→ **Exercise prompt**: Two lines below mark the span: the one containing "Your response must" and the one containing "Offer a terse response. Small.". Set down both, plus every line between, exactly as they stand, and nothing else.

= = = = =

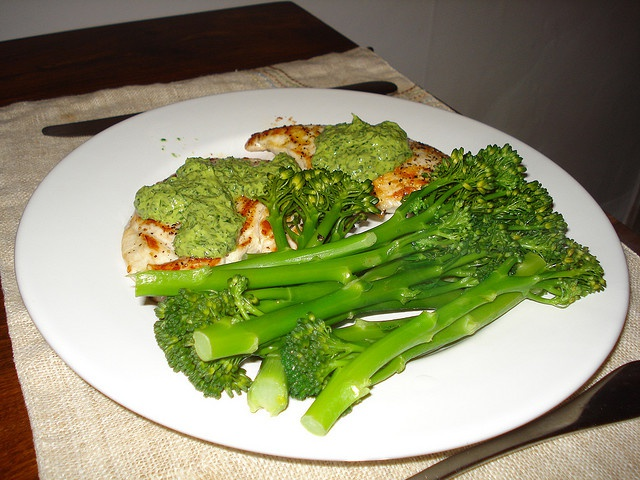Describe the objects in this image and their specific colors. I can see dining table in white, gray, black, olive, and darkgreen tones, broccoli in gray, olive, darkgreen, and white tones, broccoli in gray, olive, and lightgray tones, spoon in gray, black, and maroon tones, and knife in gray, black, and darkgray tones in this image. 
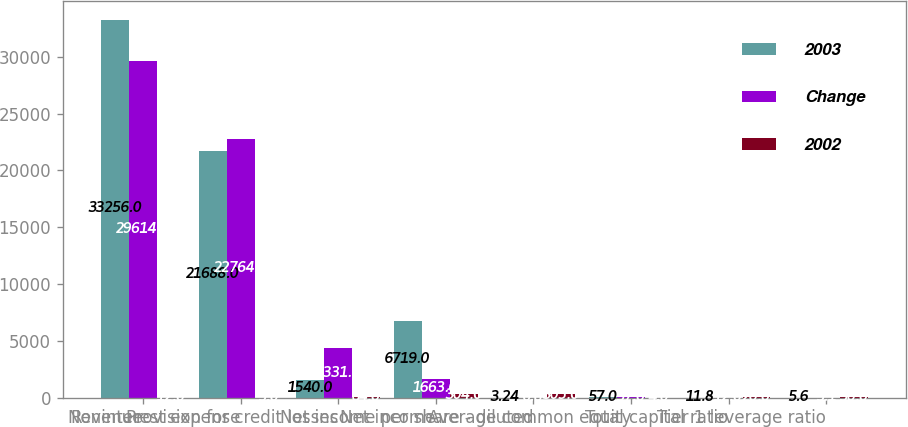Convert chart. <chart><loc_0><loc_0><loc_500><loc_500><stacked_bar_chart><ecel><fcel>Revenue<fcel>Noninterest expense<fcel>Provision for credit losses<fcel>Net income<fcel>Net income per share - diluted<fcel>Average common equity<fcel>Total capital ratio<fcel>Tier 1 leverage ratio<nl><fcel>2003<fcel>33256<fcel>21688<fcel>1540<fcel>6719<fcel>3.24<fcel>57<fcel>11.8<fcel>5.6<nl><fcel>Change<fcel>29614<fcel>22764<fcel>4331<fcel>1663<fcel>0.8<fcel>57<fcel>12<fcel>5.1<nl><fcel>2002<fcel>12<fcel>5<fcel>64<fcel>304<fcel>305<fcel>4<fcel>20<fcel>50<nl></chart> 
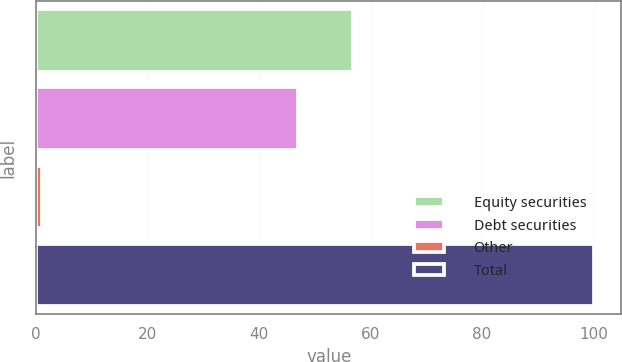Convert chart to OTSL. <chart><loc_0><loc_0><loc_500><loc_500><bar_chart><fcel>Equity securities<fcel>Debt securities<fcel>Other<fcel>Total<nl><fcel>56.9<fcel>47<fcel>1<fcel>100<nl></chart> 
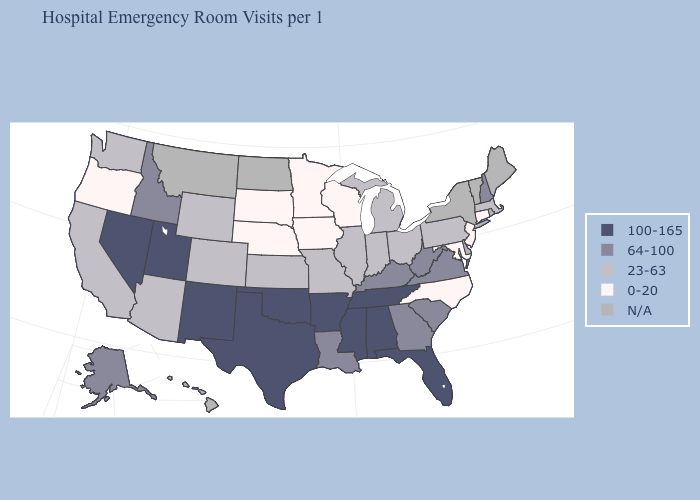What is the highest value in states that border Wyoming?
Keep it brief. 100-165. Name the states that have a value in the range N/A?
Write a very short answer. Delaware, Hawaii, Maine, Montana, New York, North Dakota, Rhode Island, Vermont. Does the first symbol in the legend represent the smallest category?
Give a very brief answer. No. Name the states that have a value in the range 100-165?
Quick response, please. Alabama, Arkansas, Florida, Mississippi, Nevada, New Mexico, Oklahoma, Tennessee, Texas, Utah. What is the value of Maine?
Quick response, please. N/A. Does the first symbol in the legend represent the smallest category?
Concise answer only. No. How many symbols are there in the legend?
Write a very short answer. 5. Among the states that border Ohio , does Kentucky have the lowest value?
Answer briefly. No. What is the highest value in states that border Kansas?
Keep it brief. 100-165. Which states hav the highest value in the MidWest?
Write a very short answer. Illinois, Indiana, Kansas, Michigan, Missouri, Ohio. Which states have the highest value in the USA?
Answer briefly. Alabama, Arkansas, Florida, Mississippi, Nevada, New Mexico, Oklahoma, Tennessee, Texas, Utah. What is the lowest value in the USA?
Be succinct. 0-20. Is the legend a continuous bar?
Short answer required. No. 
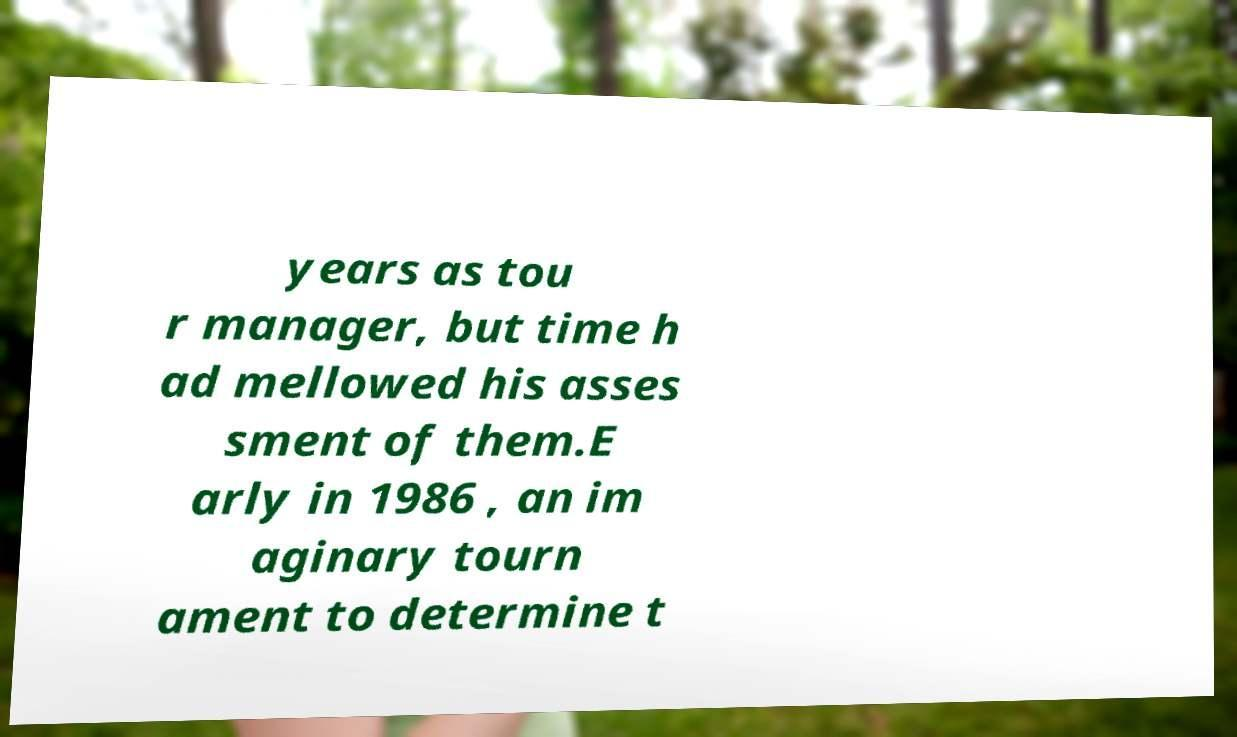Please identify and transcribe the text found in this image. years as tou r manager, but time h ad mellowed his asses sment of them.E arly in 1986 , an im aginary tourn ament to determine t 
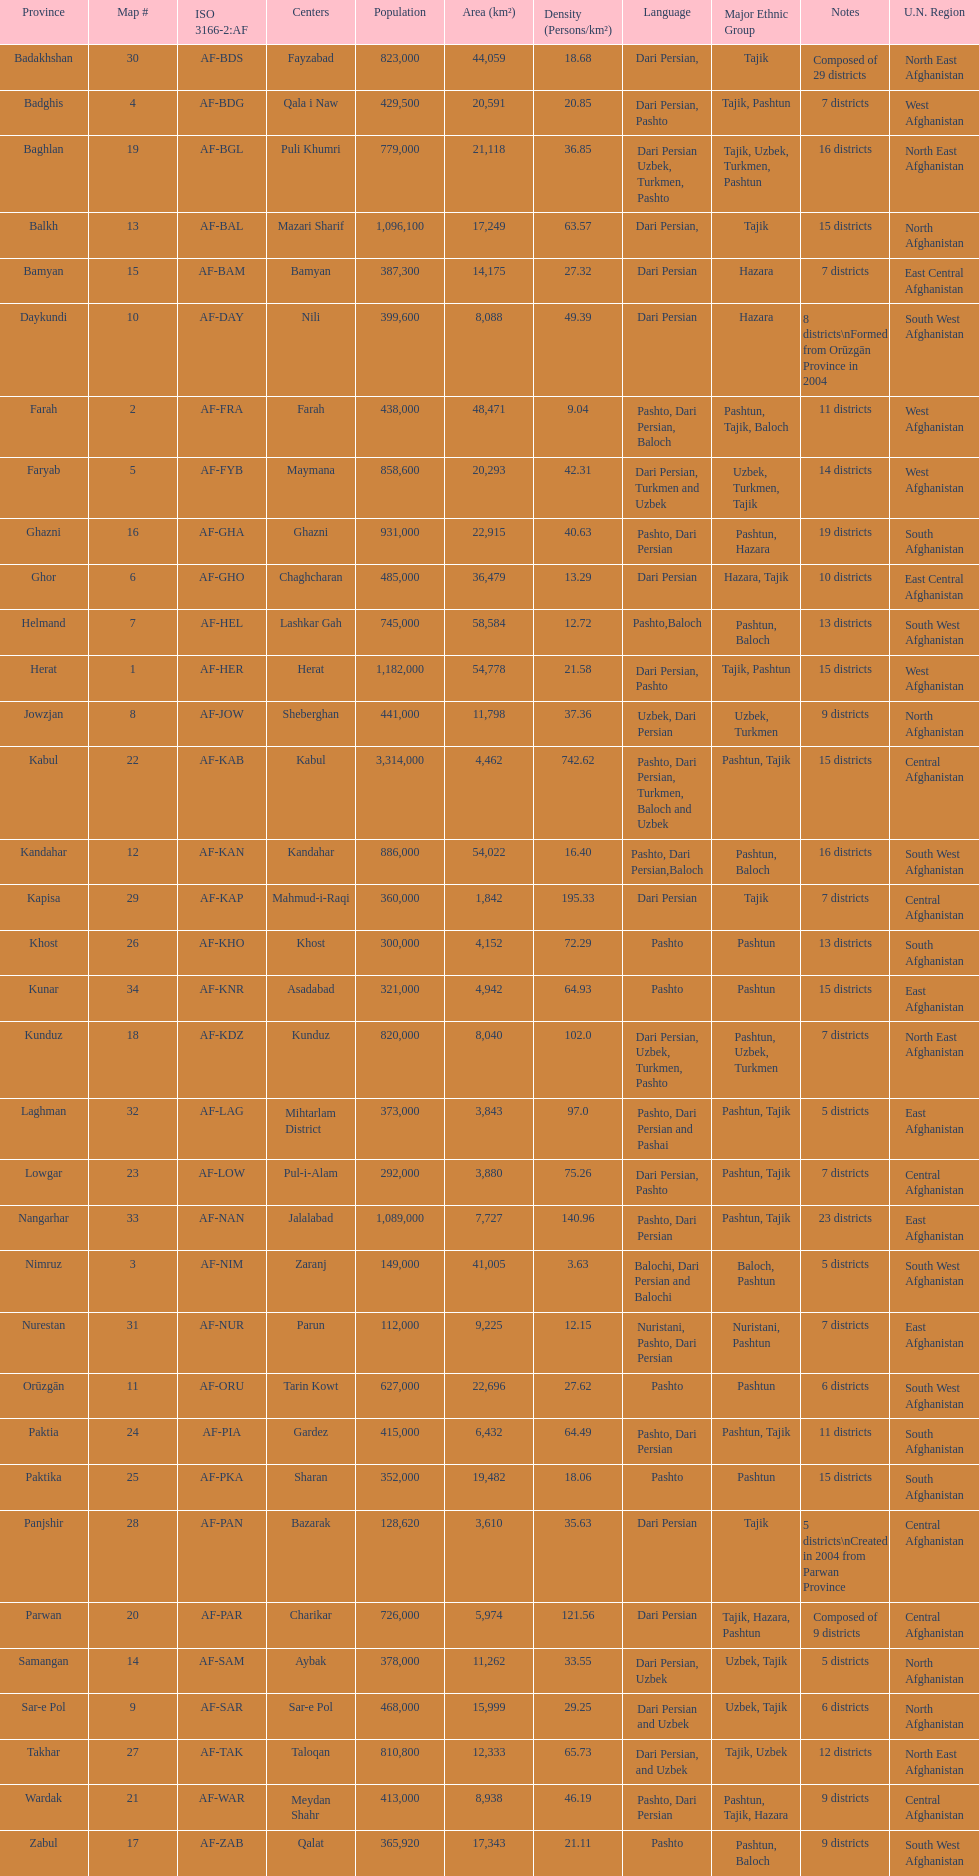Does ghor or farah have more districts? Farah. 
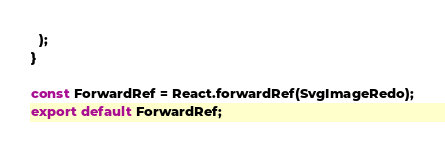Convert code to text. <code><loc_0><loc_0><loc_500><loc_500><_TypeScript_>  );
}

const ForwardRef = React.forwardRef(SvgImageRedo);
export default ForwardRef;
</code> 
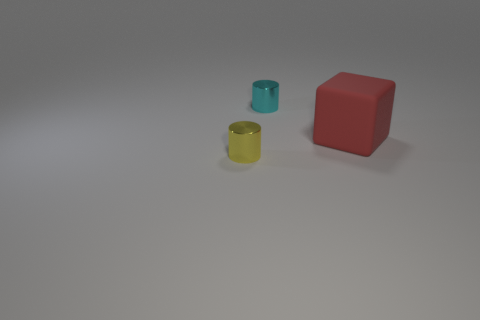Is there anything else that is the same size as the block?
Your response must be concise. No. Are there any tiny cylinders of the same color as the big rubber object?
Provide a succinct answer. No. There is a yellow object that is the same material as the small cyan thing; what is its size?
Make the answer very short. Small. What is the shape of the tiny metal object left of the small metal object behind the metal thing left of the tiny cyan metallic thing?
Provide a short and direct response. Cylinder. There is a object that is both to the left of the matte cube and to the right of the yellow metallic cylinder; what size is it?
Provide a short and direct response. Small. The rubber block is what color?
Offer a terse response. Red. What size is the cylinder that is behind the yellow cylinder?
Offer a terse response. Small. There is a metal cylinder that is right of the small shiny thing in front of the large rubber block; what number of tiny cylinders are in front of it?
Make the answer very short. 1. There is a small cylinder to the left of the small thing on the right side of the small yellow metallic cylinder; what color is it?
Offer a very short reply. Yellow. Is there another metal thing that has the same size as the cyan metallic thing?
Your answer should be compact. Yes. 
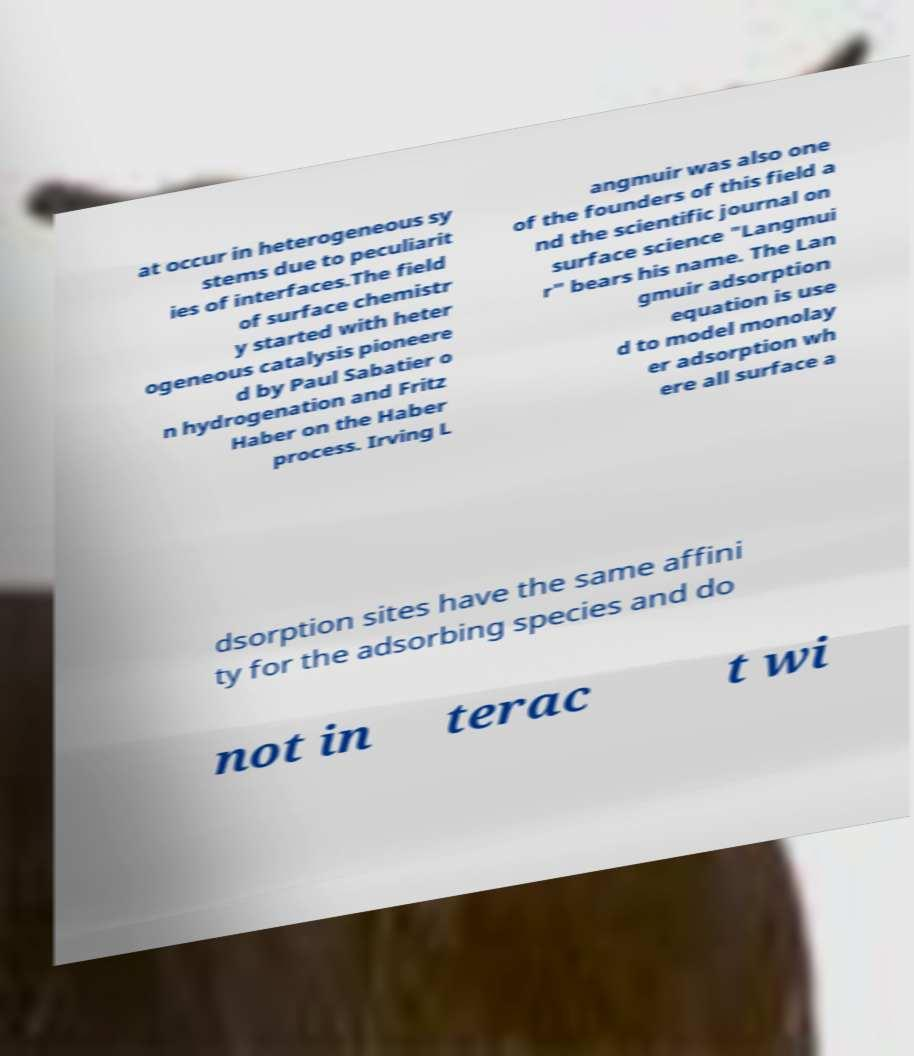Can you accurately transcribe the text from the provided image for me? at occur in heterogeneous sy stems due to peculiarit ies of interfaces.The field of surface chemistr y started with heter ogeneous catalysis pioneere d by Paul Sabatier o n hydrogenation and Fritz Haber on the Haber process. Irving L angmuir was also one of the founders of this field a nd the scientific journal on surface science "Langmui r" bears his name. The Lan gmuir adsorption equation is use d to model monolay er adsorption wh ere all surface a dsorption sites have the same affini ty for the adsorbing species and do not in terac t wi

= = = = =

→ **Completed task**:
Your response must be concise. No. Are there any tiny cylinders of the same color as the big rubber object?
Provide a succinct answer. No. There is a yellow object that is the same material as the small cyan thing; what is its size?
Make the answer very short. Small. What is the shape of the tiny metal object left of the small metal object behind the metal thing left of the tiny cyan metallic thing?
Provide a short and direct response. Cylinder. There is a object that is both to the left of the matte cube and to the right of the yellow metallic cylinder; what size is it?
Provide a short and direct response. Small. The rubber block is what color?
Offer a terse response. Red. What size is the cylinder that is behind the yellow cylinder?
Offer a terse response. Small. There is a metal cylinder that is right of the small shiny thing in front of the large rubber block; what number of tiny cylinders are in front of it?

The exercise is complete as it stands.